SUPPLIED INFORMATION |

----------------

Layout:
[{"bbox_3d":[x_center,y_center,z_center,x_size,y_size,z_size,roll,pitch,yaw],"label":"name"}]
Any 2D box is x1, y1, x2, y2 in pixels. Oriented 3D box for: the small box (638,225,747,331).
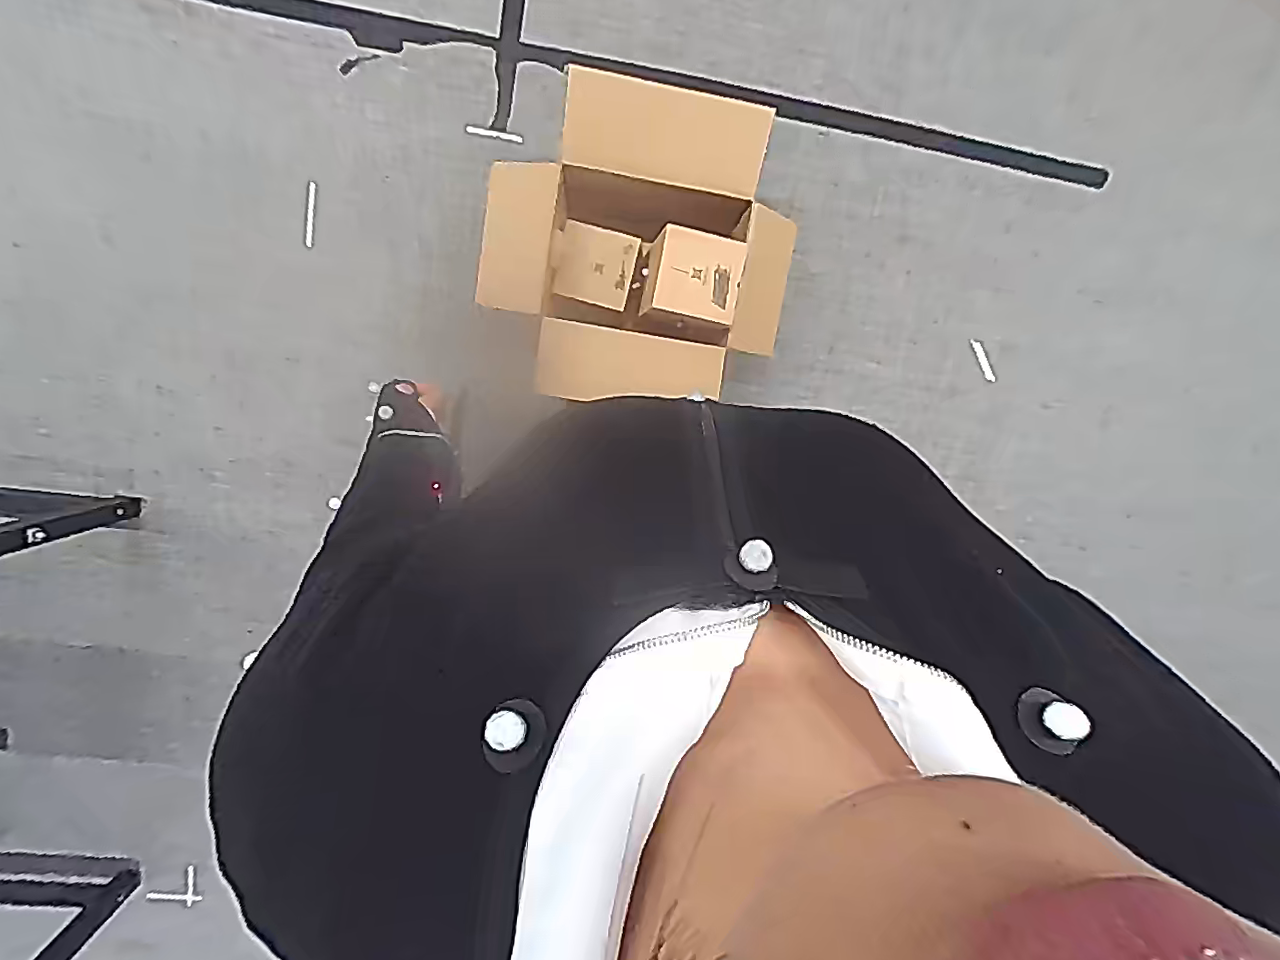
[{"bbox_3d":[0.105,-0.425,1.169,0.179,0.176,0.168,10,98,-10],"label":"small box"}]
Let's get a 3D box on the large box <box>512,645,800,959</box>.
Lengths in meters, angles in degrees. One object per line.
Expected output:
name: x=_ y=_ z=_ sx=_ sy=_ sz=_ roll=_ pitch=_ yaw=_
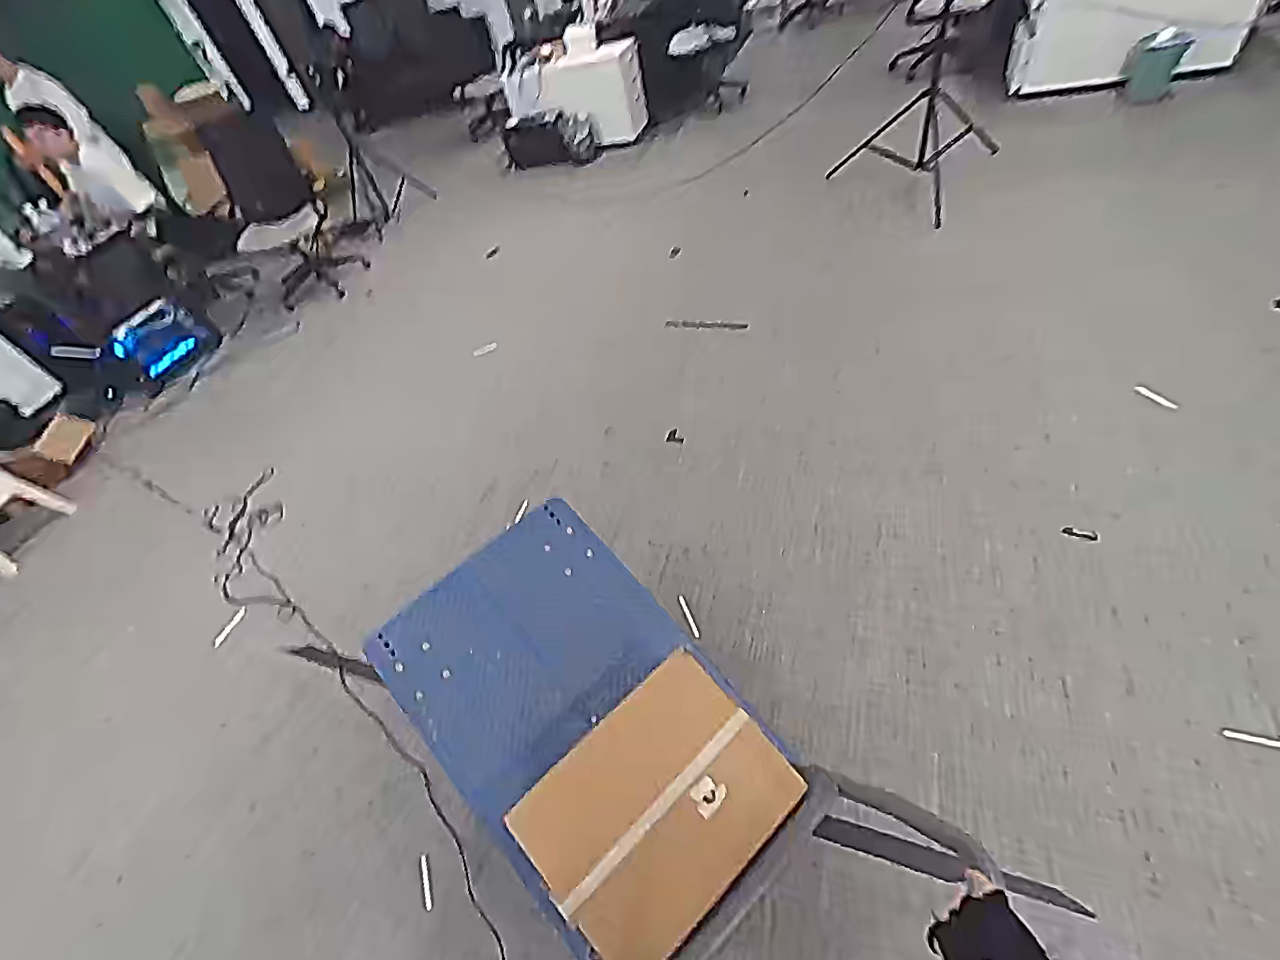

----------------

PROBLEM TO WORK ON | Excluding the pictures, restate the records above word for word.

ANSWER TO THIS PROBLEM |
Layout:
[{"bbox_3d":[x_center,y_center,z_center,x_size,y_size,z_size,roll,pitch,yaw],"label":"name"}]
Any 2D box is x1, y1, x2, y2 in pixels. Oriented 3D box for: the small box (638,225,747,331).
[{"bbox_3d":[0.105,-0.425,1.169,0.179,0.176,0.168,10,98,-10],"label":"small box"}]
Let's get a 3D box on the large box <box>512,645,800,959</box>.
Lengths in meters, angles in degrees. One object per line.
Expected output:
name: x=_ y=_ z=_ sx=_ sy=_ sz=_ roll=_ pitch=_ yaw=_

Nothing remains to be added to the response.